Das bisherige Screening-Modell mit regelmäßigen, jährlichen Vorsorgeuntersuchungen zielt darauf ab, Vorstufen des Zervixkarzinoms rechtzeitig zu erkennen und zu behandeln, so dass kein Gebärmutterhalskrebs entsteht.

"Ohne die Vorsorgeuntersuchung durch einen Zellabstrich von der Gebärmutter, wie er seit über 40 Jahren mit Erfolg angewendet wird, können heute genauso viele Frauen an Gebärmutterhalskrebs erkranken wie vor Einführung der jährlichen Krebsfrüherkennungs-Untersuchung im Jahr 1971", erklärt Dr.

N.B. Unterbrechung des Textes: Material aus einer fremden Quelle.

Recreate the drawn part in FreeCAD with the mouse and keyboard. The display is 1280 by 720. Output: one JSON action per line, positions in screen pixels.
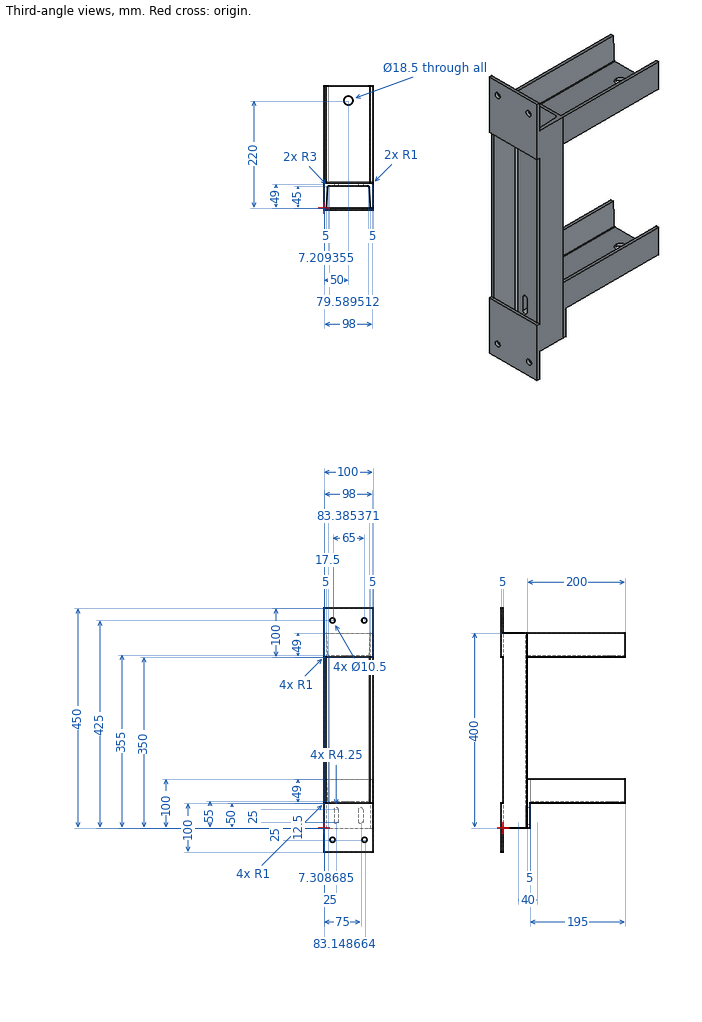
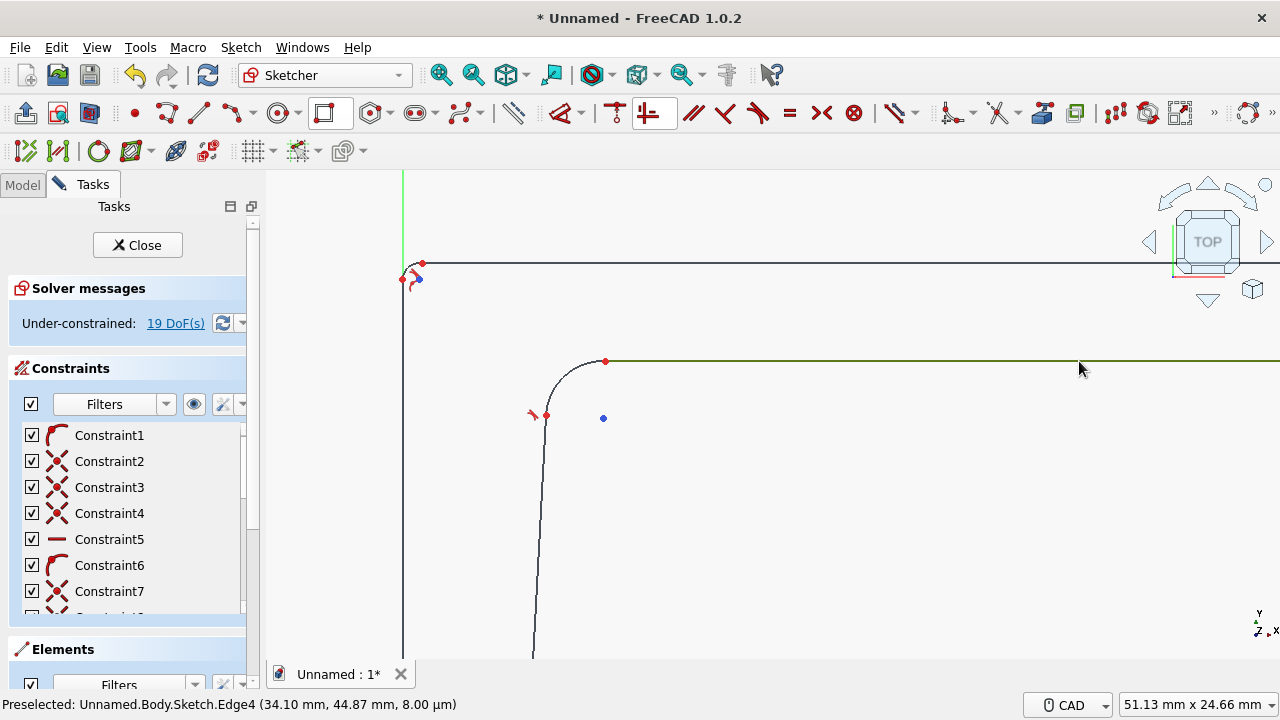
{"action": "left_click", "coordinate": [580, 366]}

Bodo Jordan, Vorstandsvorsitzender des Bundesverbandes der Zytologen (AZÄD) in München. "Dass die Zahlen an Neuerkrankungen seitdem um 75% gesunken sind, beweist, wie effektiv das Vorsorge-Modell der zytologischen Untersuchung ist. Es ist eine bewährte und außerdem die einfachste Möglichkeit, ein Zervixkarzinom zu verhindern. Deshalb ist es für alle Frauen wichtig, Verantwortung für sich und ihren Körper zu übernehmen, und jedes Jahr die von ihrem Frauenarzt angebotene Vorsorge-Untersuchung wahrzunehmen."

Im Zusammenhang mit dem Nationalen Krebsplan wird momentan ein Wechsel von der etablierten jährlichen zytologischen Krebsfrüherkennung hin zum alleinigen HPV-Test im 5-Jahresintervall diskutiert. Das Institut für Qualität und Wirtschaftlichkeit im Gesundheitswesen (IQWiG) konnte bisher keine Empfehlung geben.

Vor dem Hintergrund, dass spezielle Arten von Gebärmutterhalskrebs nicht Virus-assoziiert zu sein scheinen, die Testempfindlichkeit für die HP-Viren sehr hoch ist, ohne dass eine Veränderung in den Zellen vorliegt, scheint ein Paradigmenwechsel in der Krebsfrüherkennung nicht sinnvoll. Bei positivem HPV Testergebnis werden zu viele Frauen beunruhigt, bei negativem HPV Testergebnis können sich Frauen in einer falschen Sicherheit wiegen und über Jahre einen Krebs entwickeln, der so durch die jährliche Krebsfrüherkennungsuntersuchung rechtzeitig  hätte entdeckt werden können.